[[ STUDY MATERIAL open ]]

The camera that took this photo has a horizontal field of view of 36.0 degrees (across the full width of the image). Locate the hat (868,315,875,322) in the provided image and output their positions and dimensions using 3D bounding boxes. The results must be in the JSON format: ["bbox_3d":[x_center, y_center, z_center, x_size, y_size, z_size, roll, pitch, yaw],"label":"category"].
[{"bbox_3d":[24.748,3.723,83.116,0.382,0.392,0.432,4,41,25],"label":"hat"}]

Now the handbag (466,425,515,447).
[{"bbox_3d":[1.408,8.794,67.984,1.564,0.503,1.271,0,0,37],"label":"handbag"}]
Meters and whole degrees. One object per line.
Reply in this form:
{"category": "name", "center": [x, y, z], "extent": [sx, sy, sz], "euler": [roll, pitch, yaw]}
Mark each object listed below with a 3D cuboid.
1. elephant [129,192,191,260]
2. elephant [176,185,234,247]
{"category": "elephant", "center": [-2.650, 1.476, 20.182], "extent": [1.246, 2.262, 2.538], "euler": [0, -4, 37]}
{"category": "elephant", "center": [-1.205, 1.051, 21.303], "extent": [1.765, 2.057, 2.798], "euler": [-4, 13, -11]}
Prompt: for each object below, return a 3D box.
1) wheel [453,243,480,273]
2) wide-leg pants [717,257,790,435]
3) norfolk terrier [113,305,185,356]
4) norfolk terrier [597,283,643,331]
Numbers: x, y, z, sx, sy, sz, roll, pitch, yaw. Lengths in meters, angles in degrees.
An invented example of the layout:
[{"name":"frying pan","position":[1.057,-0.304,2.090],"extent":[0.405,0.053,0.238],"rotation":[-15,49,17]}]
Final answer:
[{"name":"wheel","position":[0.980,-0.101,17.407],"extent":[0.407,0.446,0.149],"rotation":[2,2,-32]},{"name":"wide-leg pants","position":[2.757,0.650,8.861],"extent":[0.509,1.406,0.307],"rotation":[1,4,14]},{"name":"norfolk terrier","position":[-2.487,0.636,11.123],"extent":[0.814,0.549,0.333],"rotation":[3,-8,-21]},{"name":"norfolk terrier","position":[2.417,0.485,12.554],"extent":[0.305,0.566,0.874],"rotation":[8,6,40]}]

[[ STUDY MATERIAL closed ]]

### WHAT TO DO
Write out the listing once more, matching it exactly.

### EXERCISE RESULT
The camera that took this photo has a horizontal field of view of 36.0 degrees (across the full width of the image). Locate the hat (868,315,875,322) in the provided image and output their positions and dimensions using 3D bounding boxes. The results must be in the JSON format: ["bbox_3d":[x_center, y_center, z_center, x_size, y_size, z_size, roll, pitch, yaw],"label":"category"].
[{"bbox_3d":[24.748,3.723,83.116,0.382,0.392,0.432,4,41,25],"label":"hat"}]

Now the handbag (466,425,515,447).
[{"bbox_3d":[1.408,8.794,67.984,1.564,0.503,1.271,0,0,37],"label":"handbag"}]
Meters and whole degrees. One object per line.
Reply in this form:
{"category": "name", "center": [x, y, z], "extent": [sx, sy, sz], "euler": [roll, pitch, yaw]}
Mark each object listed below with a 3D cuboid.
1. elephant [129,192,191,260]
2. elephant [176,185,234,247]
{"category": "elephant", "center": [-2.650, 1.476, 20.182], "extent": [1.246, 2.262, 2.538], "euler": [0, -4, 37]}
{"category": "elephant", "center": [-1.205, 1.051, 21.303], "extent": [1.765, 2.057, 2.798], "euler": [-4, 13, -11]}
Prompt: for each object below, return a 3D box.
1) wheel [453,243,480,273]
2) wide-leg pants [717,257,790,435]
3) norfolk terrier [113,305,185,356]
4) norfolk terrier [597,283,643,331]
Numbers: x, y, z, sx, sy, sz, roll, pitch, yaw. Lengths in meters, angles in degrees.
An invented example of the layout:
[{"name":"frying pan","position":[1.057,-0.304,2.090],"extent":[0.405,0.053,0.238],"rotation":[-15,49,17]}]
Final answer:
[{"name":"wheel","position":[0.980,-0.101,17.407],"extent":[0.407,0.446,0.149],"rotation":[2,2,-32]},{"name":"wide-leg pants","position":[2.757,0.650,8.861],"extent":[0.509,1.406,0.307],"rotation":[1,4,14]},{"name":"norfolk terrier","position":[-2.487,0.636,11.123],"extent":[0.814,0.549,0.333],"rotation":[3,-8,-21]},{"name":"norfolk terrier","position":[2.417,0.485,12.554],"extent":[0.305,0.566,0.874],"rotation":[8,6,40]}]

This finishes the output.